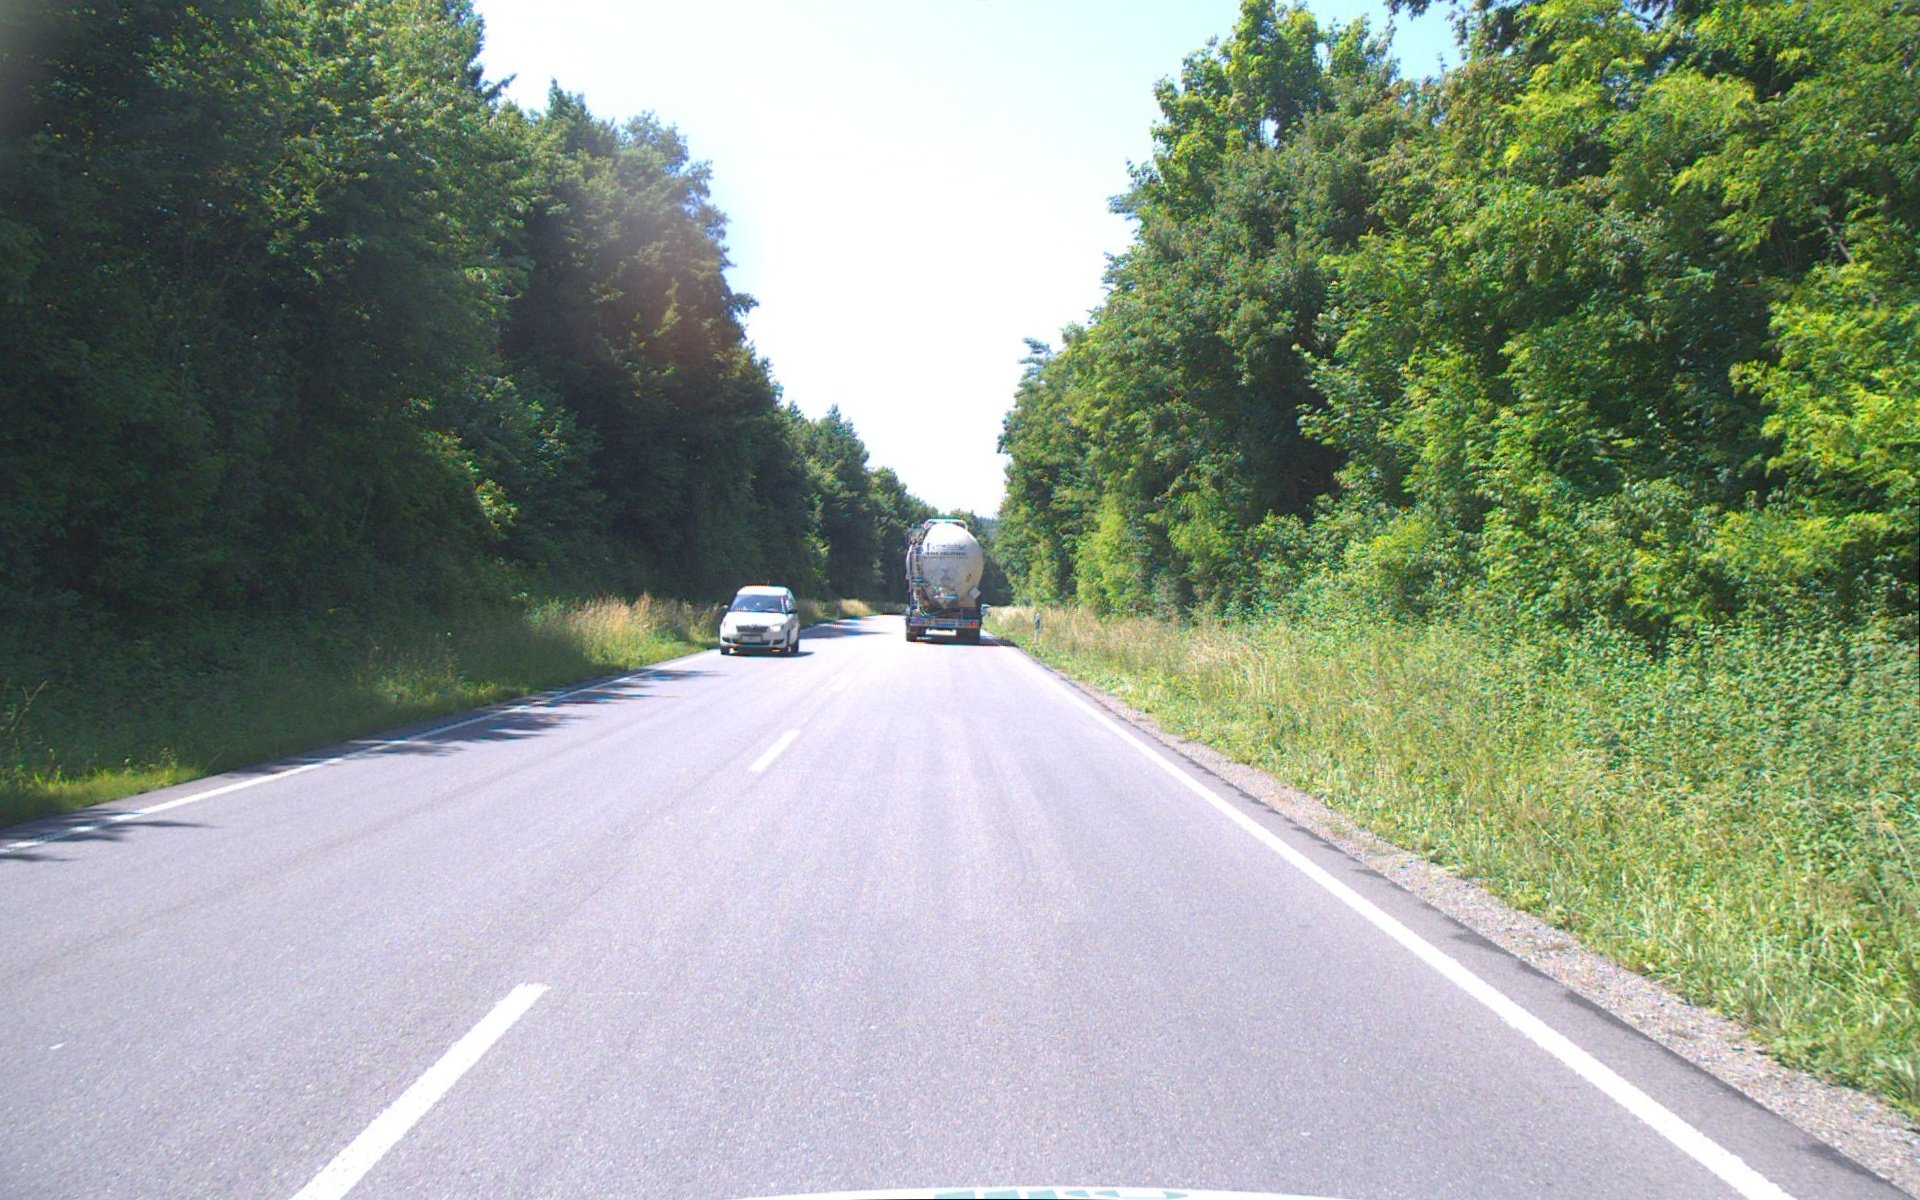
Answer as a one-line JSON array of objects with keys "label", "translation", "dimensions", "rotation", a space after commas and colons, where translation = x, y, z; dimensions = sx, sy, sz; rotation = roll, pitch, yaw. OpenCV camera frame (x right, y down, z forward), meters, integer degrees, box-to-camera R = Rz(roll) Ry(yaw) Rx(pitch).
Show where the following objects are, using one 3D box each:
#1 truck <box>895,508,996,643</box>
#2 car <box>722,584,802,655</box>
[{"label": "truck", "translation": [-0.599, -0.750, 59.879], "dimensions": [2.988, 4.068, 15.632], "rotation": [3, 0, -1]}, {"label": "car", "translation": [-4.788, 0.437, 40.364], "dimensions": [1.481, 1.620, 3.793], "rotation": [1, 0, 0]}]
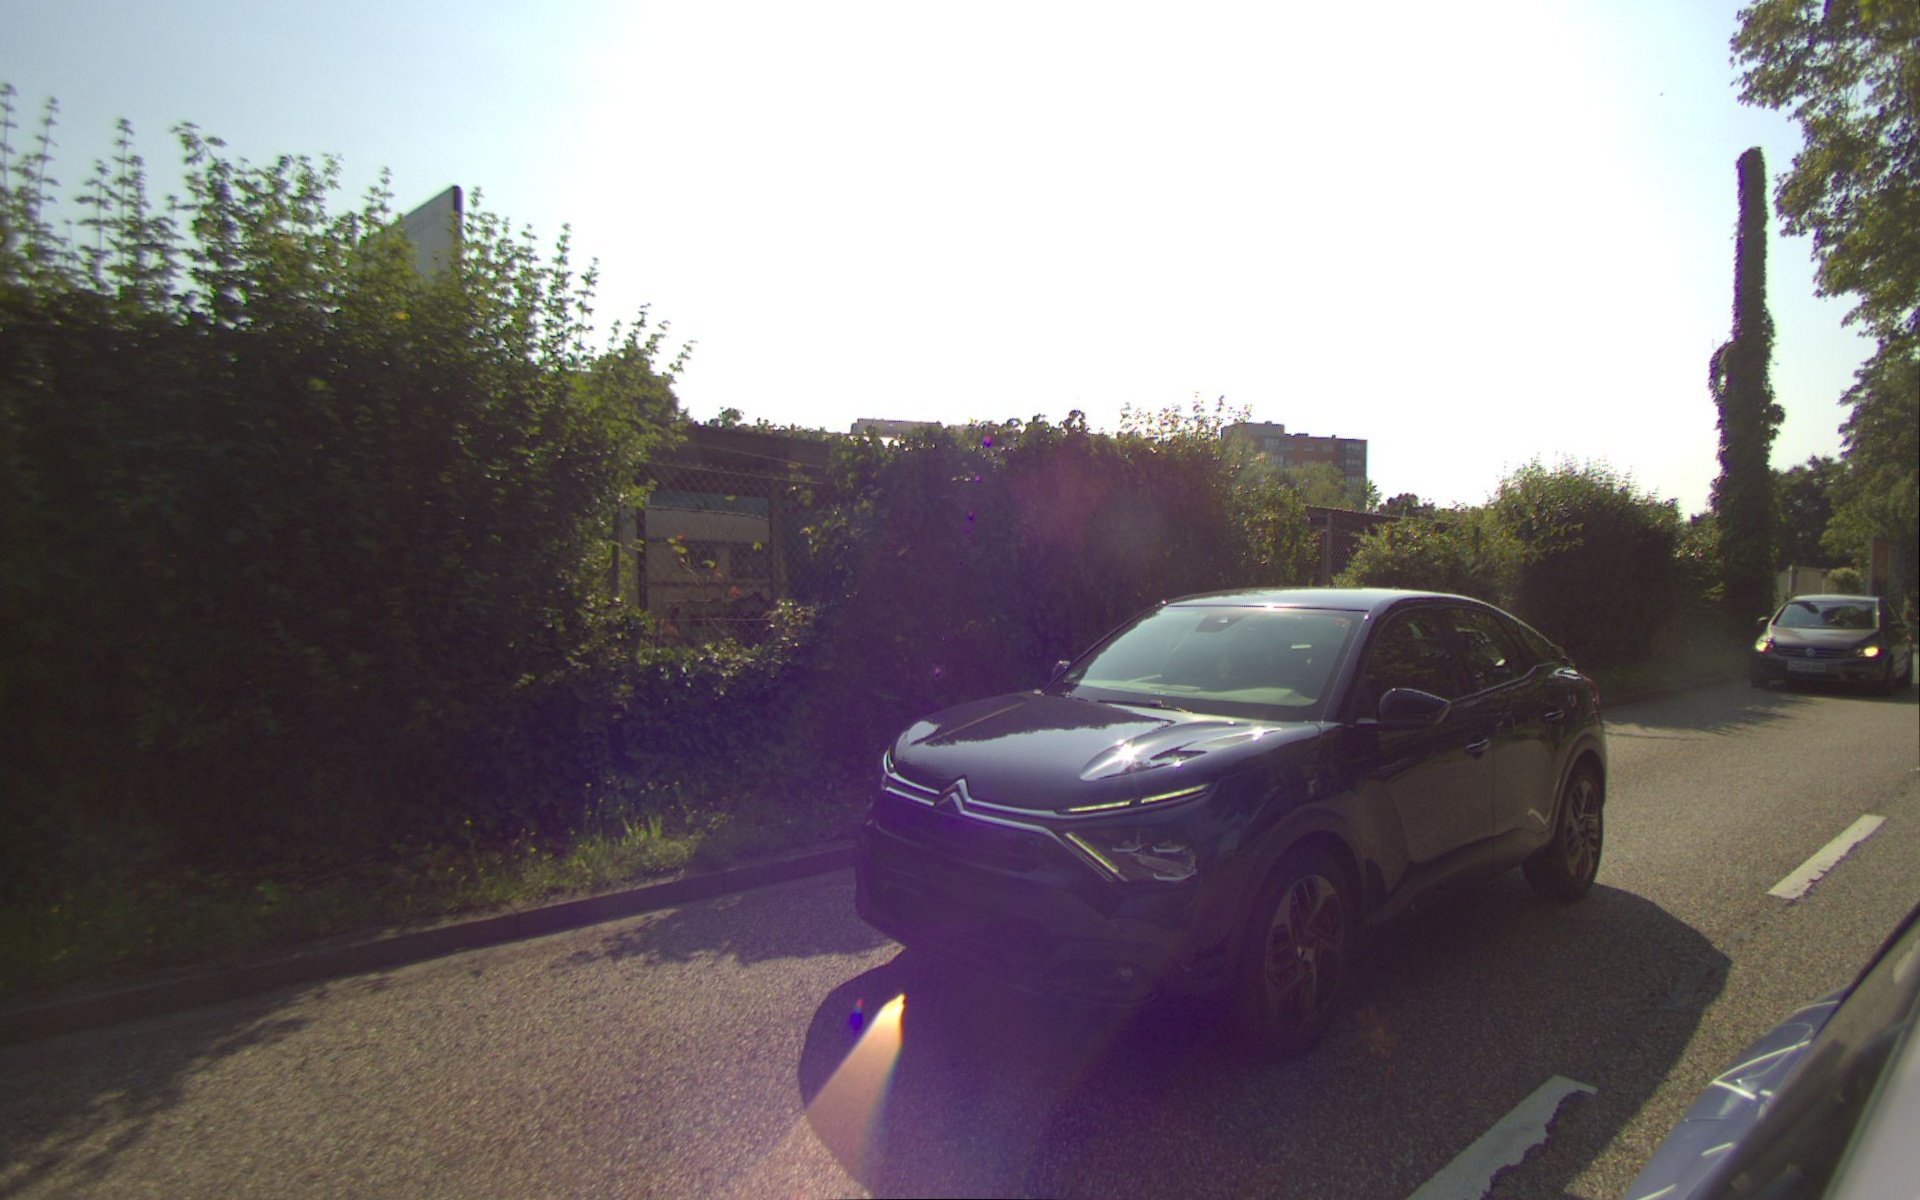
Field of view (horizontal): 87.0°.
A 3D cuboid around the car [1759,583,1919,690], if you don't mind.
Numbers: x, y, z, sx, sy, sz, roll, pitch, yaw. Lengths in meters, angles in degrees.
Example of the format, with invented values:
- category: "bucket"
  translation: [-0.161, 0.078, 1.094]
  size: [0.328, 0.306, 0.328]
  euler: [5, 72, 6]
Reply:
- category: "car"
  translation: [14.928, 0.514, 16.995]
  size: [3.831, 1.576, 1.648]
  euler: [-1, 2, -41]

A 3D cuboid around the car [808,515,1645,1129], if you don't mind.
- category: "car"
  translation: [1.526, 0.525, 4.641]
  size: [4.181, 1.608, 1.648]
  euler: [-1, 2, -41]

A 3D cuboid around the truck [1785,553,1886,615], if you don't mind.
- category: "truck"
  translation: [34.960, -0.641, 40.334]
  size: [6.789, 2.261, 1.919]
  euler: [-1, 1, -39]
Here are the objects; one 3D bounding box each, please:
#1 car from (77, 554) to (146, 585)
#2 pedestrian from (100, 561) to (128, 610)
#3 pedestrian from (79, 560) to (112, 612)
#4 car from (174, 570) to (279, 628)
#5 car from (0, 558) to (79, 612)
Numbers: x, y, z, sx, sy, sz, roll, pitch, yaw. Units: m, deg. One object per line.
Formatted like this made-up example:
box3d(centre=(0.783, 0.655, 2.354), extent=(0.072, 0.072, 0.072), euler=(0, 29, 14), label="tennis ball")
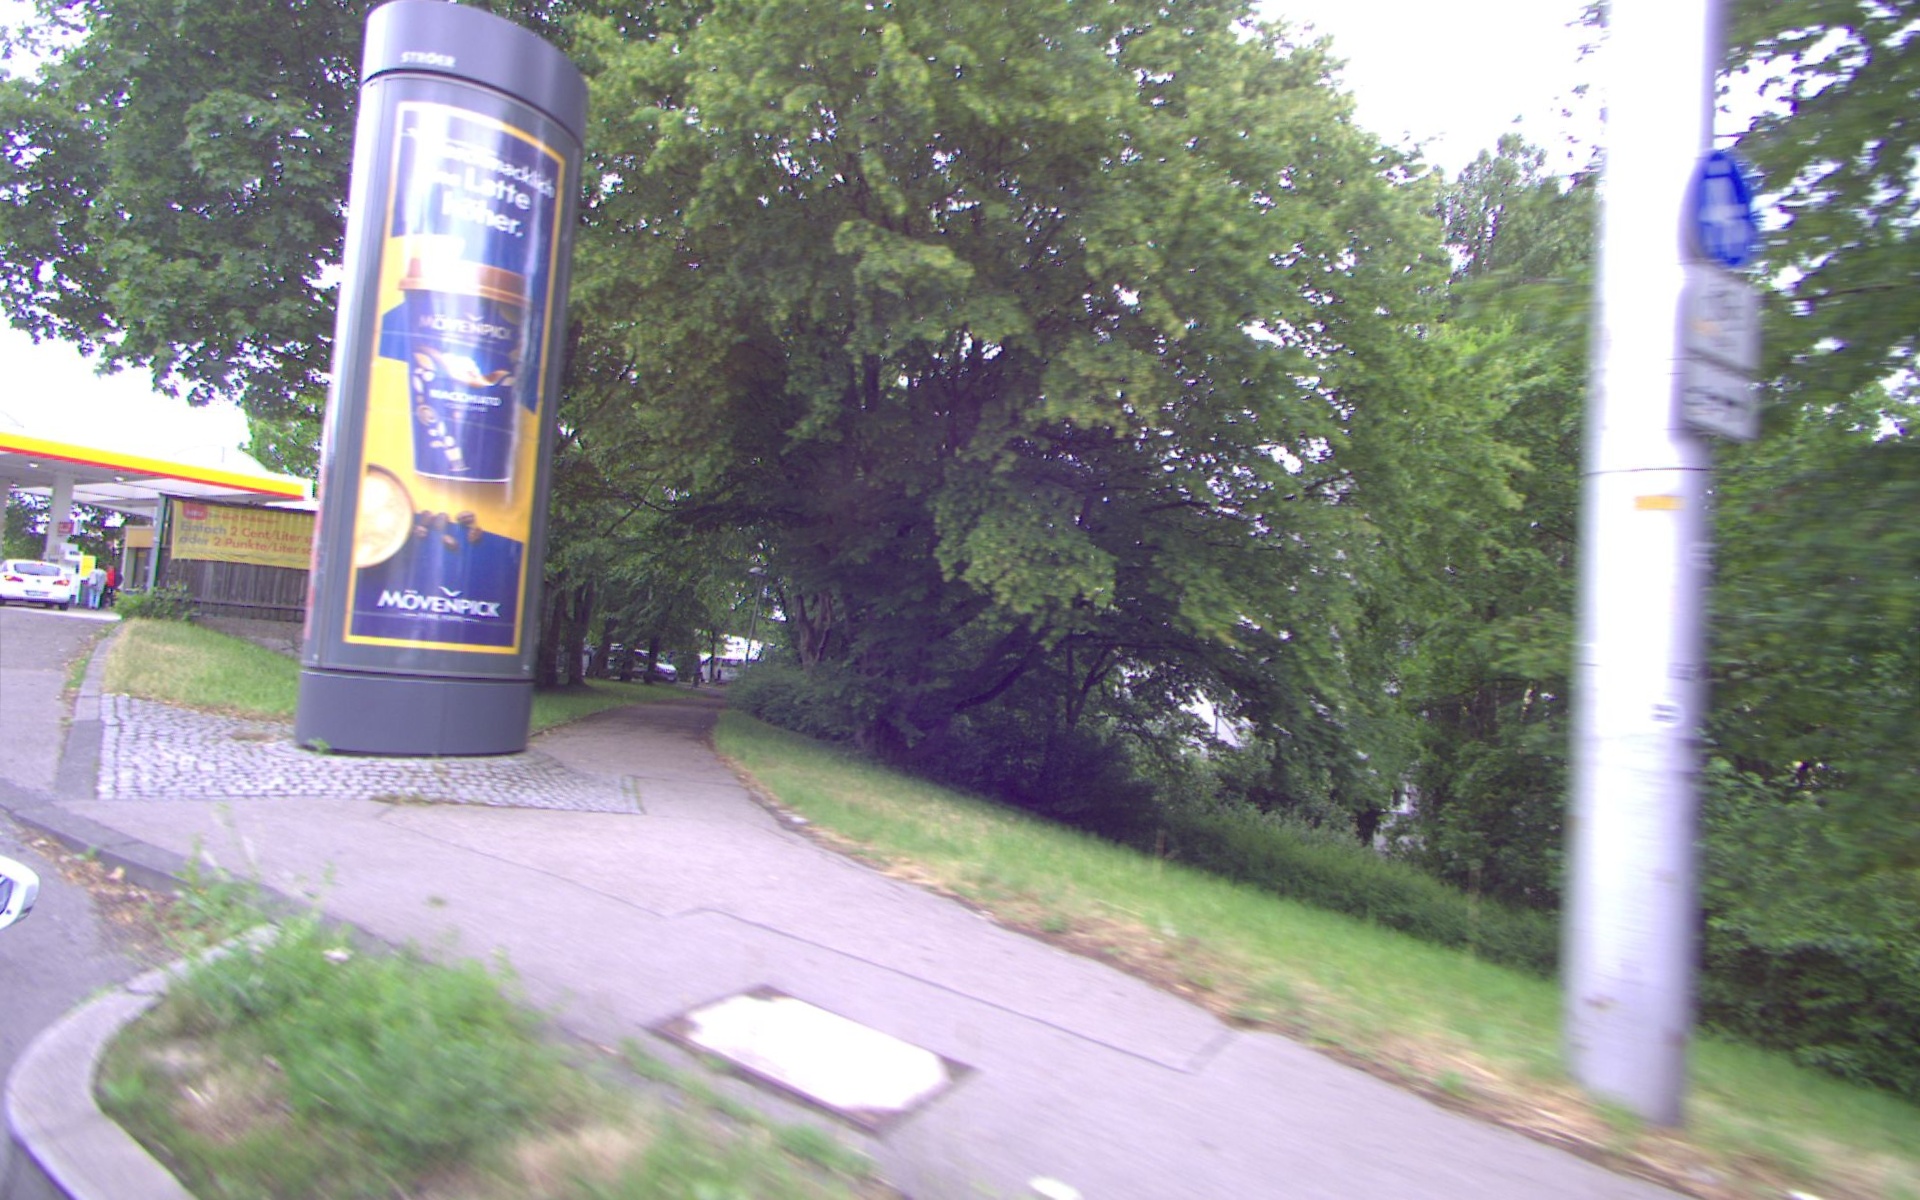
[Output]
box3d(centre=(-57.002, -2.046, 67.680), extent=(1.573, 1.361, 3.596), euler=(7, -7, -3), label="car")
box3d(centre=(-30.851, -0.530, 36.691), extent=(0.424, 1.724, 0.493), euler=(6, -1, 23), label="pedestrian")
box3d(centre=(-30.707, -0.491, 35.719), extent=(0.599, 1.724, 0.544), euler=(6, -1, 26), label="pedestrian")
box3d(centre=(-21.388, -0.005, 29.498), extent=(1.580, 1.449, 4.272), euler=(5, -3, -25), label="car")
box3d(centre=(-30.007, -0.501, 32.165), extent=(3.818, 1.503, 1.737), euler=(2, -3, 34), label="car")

:: Exercise description ::
What's needed is an exact copy of every entry, free of pictures.

:: Exercise result ::
Answer as a one-line JSON array of objects with keys "label", "translation", "dimensions", "rotation", a space after commas and colons, where translation = x, y, z; dimensions = sx, sy, sz; rotation = roll, pitch, yaw. OpenCV camera frame (x right, y down, z forward), meters, integer degrees, box-to-camera R = Rz(roll) Ry(yaw) Rx(pitch).
Show where the following objects are, using one 3D box each:
#1 truck <box>895,508,996,643</box>
#2 car <box>722,584,802,655</box>
[{"label": "truck", "translation": [-0.599, -0.750, 59.879], "dimensions": [2.988, 4.068, 15.632], "rotation": [3, 0, -1]}, {"label": "car", "translation": [-4.788, 0.437, 40.364], "dimensions": [1.481, 1.620, 3.793], "rotation": [1, 0, 0]}]
Field of view (horizontal): 87.0°.
A 3D cuboid around the car [1759,583,1919,690], if you don't mind.
Numbers: x, y, z, sx, sy, sz, roll, pitch, yaw. Lengths in meters, angles in degrees.
Example of the format, with invented values:
- category: "bucket"
  translation: [-0.161, 0.078, 1.094]
  size: [0.328, 0.306, 0.328]
  euler: [5, 72, 6]
Reply:
- category: "car"
  translation: [14.928, 0.514, 16.995]
  size: [3.831, 1.576, 1.648]
  euler: [-1, 2, -41]

A 3D cuboid around the car [808,515,1645,1129], if you don't mind.
- category: "car"
  translation: [1.526, 0.525, 4.641]
  size: [4.181, 1.608, 1.648]
  euler: [-1, 2, -41]

A 3D cuboid around the truck [1785,553,1886,615], if you don't mind.
- category: "truck"
  translation: [34.960, -0.641, 40.334]
  size: [6.789, 2.261, 1.919]
  euler: [-1, 1, -39]
Here are the objects; one 3D bounding box each, please:
#1 car from (77, 554) to (146, 585)
#2 pedestrian from (100, 561) to (128, 610)
#3 pedestrian from (79, 560) to (112, 612)
#4 car from (174, 570) to (279, 628)
#5 car from (0, 558) to (79, 612)
Numbers: x, y, z, sx, sy, sz, roll, pitch, yaw. Units: m, deg. One object per line.
Formatted like this made-up example:
box3d(centre=(0.783, 0.655, 2.354), extent=(0.072, 0.072, 0.072), euler=(0, 29, 14), label="tennis ball")
[Output]
box3d(centre=(-57.002, -2.046, 67.680), extent=(1.573, 1.361, 3.596), euler=(7, -7, -3), label="car")
box3d(centre=(-30.851, -0.530, 36.691), extent=(0.424, 1.724, 0.493), euler=(6, -1, 23), label="pedestrian")
box3d(centre=(-30.707, -0.491, 35.719), extent=(0.599, 1.724, 0.544), euler=(6, -1, 26), label="pedestrian")
box3d(centre=(-21.388, -0.005, 29.498), extent=(1.580, 1.449, 4.272), euler=(5, -3, -25), label="car")
box3d(centre=(-30.007, -0.501, 32.165), extent=(3.818, 1.503, 1.737), euler=(2, -3, 34), label="car")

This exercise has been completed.